I also heard some rumours that some firewalls do not react well to fragments. What is your experience?

They can I presume be too paranoid and just bin everything. I doubt they reassemble fragments, it would be very costly but without doing so I imagine they could get fooled. Perhaps a firewall should do a partial reassembly-like thing where it ensures that it at least gets the entirety of the first n bytes of an L3 SDU (ie L3 payload) so it can do its checks, either by assuming that fragmentation in the wrong place, a strange place, when fragment 1 is far too short, is an attack and so it then bins the whole thing. The alternative  would be reassembling/concatenation just enough stuff to get that n bytes together. I am not sure about the need for the latter option though, and it would probably rely on software so could present a DOS attack by eating up CPU time with cases that cannot be dealt with by offload hardware only in a system that has a lot of hardware assist.

Could an application designer just say that fragmentation is not the end of the world? More so in IPv6?

In IPv6, what on earth happens if your path MTU changes on the fly and you are source-fragmenting packets? There is a ‘what is supposed to happen’ and there is a ‘what does happen?’. A real case would be when a failover happens and this causes a change of path, through a reduced MTU.

This is one of the things putting me off going for 3G failover from DSL - MTU reduction on the fly. - was discussed in an earlier thread. I could fix it by reducing MTU all the time, seems a bit harsh. I could just test it, and possibly then ignore the issue of fragmentation.

aesmith:
One of the SIP providers that we use requires so many headers that an outbound INVITE ends up exceeding the size of a normal UDP packet.  Out of interest I just dug out an existing capture and these are in fact fragmented at the IP level, logically one single UDP length 1518 but sent as two IP packets of lengths 1500 and 58.

Weaver:
It seems to me that when fragmenting the fragments should be such that they are roughly if equal sizes, as long as the first one is long enough to contain all the salient L4 (and some L7?) header info for the benefit of firewalls. The reason for making them roughly equal length is to minimise the maximum probability of packet loss due to corruption. I can't see any point at all in having small final fragments.

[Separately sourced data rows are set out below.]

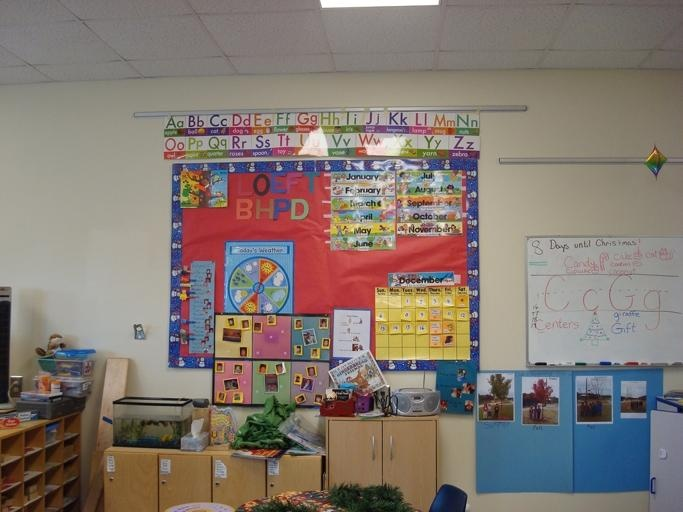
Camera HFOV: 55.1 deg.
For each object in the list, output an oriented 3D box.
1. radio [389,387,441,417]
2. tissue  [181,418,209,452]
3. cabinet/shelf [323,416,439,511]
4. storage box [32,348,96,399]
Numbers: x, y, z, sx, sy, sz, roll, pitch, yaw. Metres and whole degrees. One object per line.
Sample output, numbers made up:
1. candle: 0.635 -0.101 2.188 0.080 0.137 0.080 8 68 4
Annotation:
1. radio: 0.594 1.163 5.207 0.286 0.140 0.222 0 -4 3
2. tissue : -1.151 1.443 5.294 0.202 0.267 0.276 1 -5 2
3. cabinet/shelf: 0.313 1.587 4.950 0.698 0.654 0.278 0 -5 1
4. storage box: -2.279 0.977 5.502 0.496 0.476 0.323 -1 -5 2
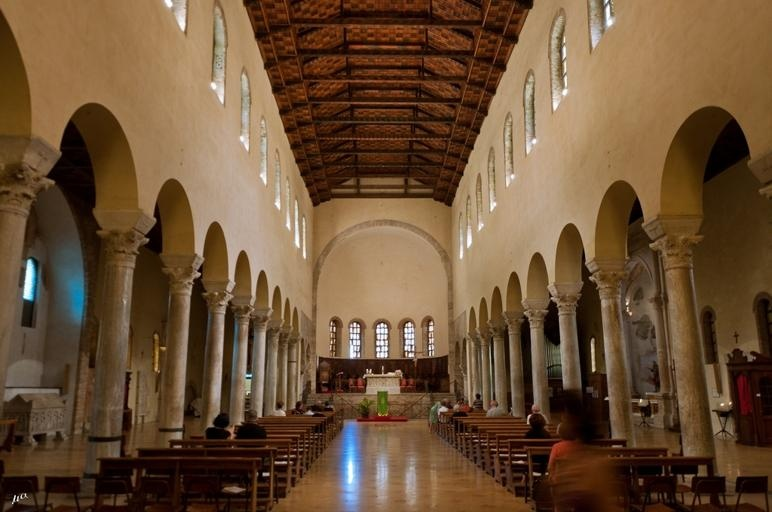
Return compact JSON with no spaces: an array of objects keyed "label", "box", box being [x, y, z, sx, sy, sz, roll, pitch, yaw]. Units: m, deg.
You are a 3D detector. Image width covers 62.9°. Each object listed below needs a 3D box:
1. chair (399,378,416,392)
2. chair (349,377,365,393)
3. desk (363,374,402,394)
[{"label":"chair","box":[1.342,8.376,40.346,1.273,0.775,1.364,3,10,-5]},{"label":"chair","box":[-1.890,8.330,40.511,0.815,0.828,0.758,2,-22,-7]},{"label":"desk","box":[-0.192,7.792,38.283,1.394,0.891,1.458,-1,-13,4]}]
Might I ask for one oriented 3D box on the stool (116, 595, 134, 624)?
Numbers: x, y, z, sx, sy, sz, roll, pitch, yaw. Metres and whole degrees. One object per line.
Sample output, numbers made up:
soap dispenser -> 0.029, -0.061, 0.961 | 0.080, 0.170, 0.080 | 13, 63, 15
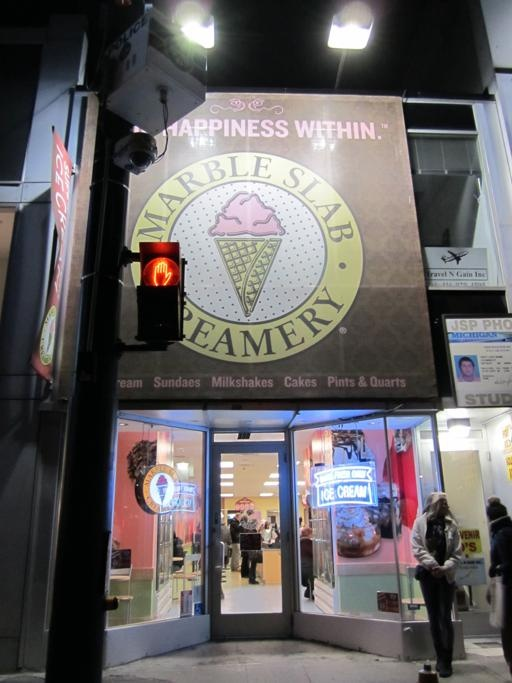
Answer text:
stool -> -1.555, 3.145, 5.837 | 0.197, 0.300, 0.126 | 1, -14, -17

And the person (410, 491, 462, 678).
person -> 1.823, 2.399, 5.016 | 0.570, 1.649, 0.408 | 9, -18, -39

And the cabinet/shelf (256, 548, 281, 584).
cabinet/shelf -> 0.184, 3.150, 7.021 | 0.361, 0.540, 0.327 | 0, -10, -2

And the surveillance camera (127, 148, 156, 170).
surveillance camera -> -0.695, -1.091, 3.028 | 0.092, 0.136, 0.131 | 3, 28, -14

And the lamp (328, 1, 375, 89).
lamp -> 1.438, -4.764, 7.588 | 0.519, 1.566, 0.550 | 2, -2, -27

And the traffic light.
traffic light -> -0.509, -0.240, 2.667 | 0.183, 0.683, 0.165 | 3, -7, -9

One really nice thing would be to have a quantisation option for routers, so that you could say that non-final fragments must always be h + c n bytes long (IP PDU length) and this could used to hit the ATM cell payload optimal efficiency sizings, with c = 48 and h = the total overhead size added on below IP, which is 32 for me.

petef:
This is going back a few years but I diagnosed a problem with NFS where a small amount of data got zeroed. The IP packets were fragmented, some were going missing and the reassembly did not flag the gaps. My solution was to reduce the NFS buffer size so that (with overhead) it fitted in the MTU.

Weaver:
@petef that is horrible. Where were the fragments getting lost?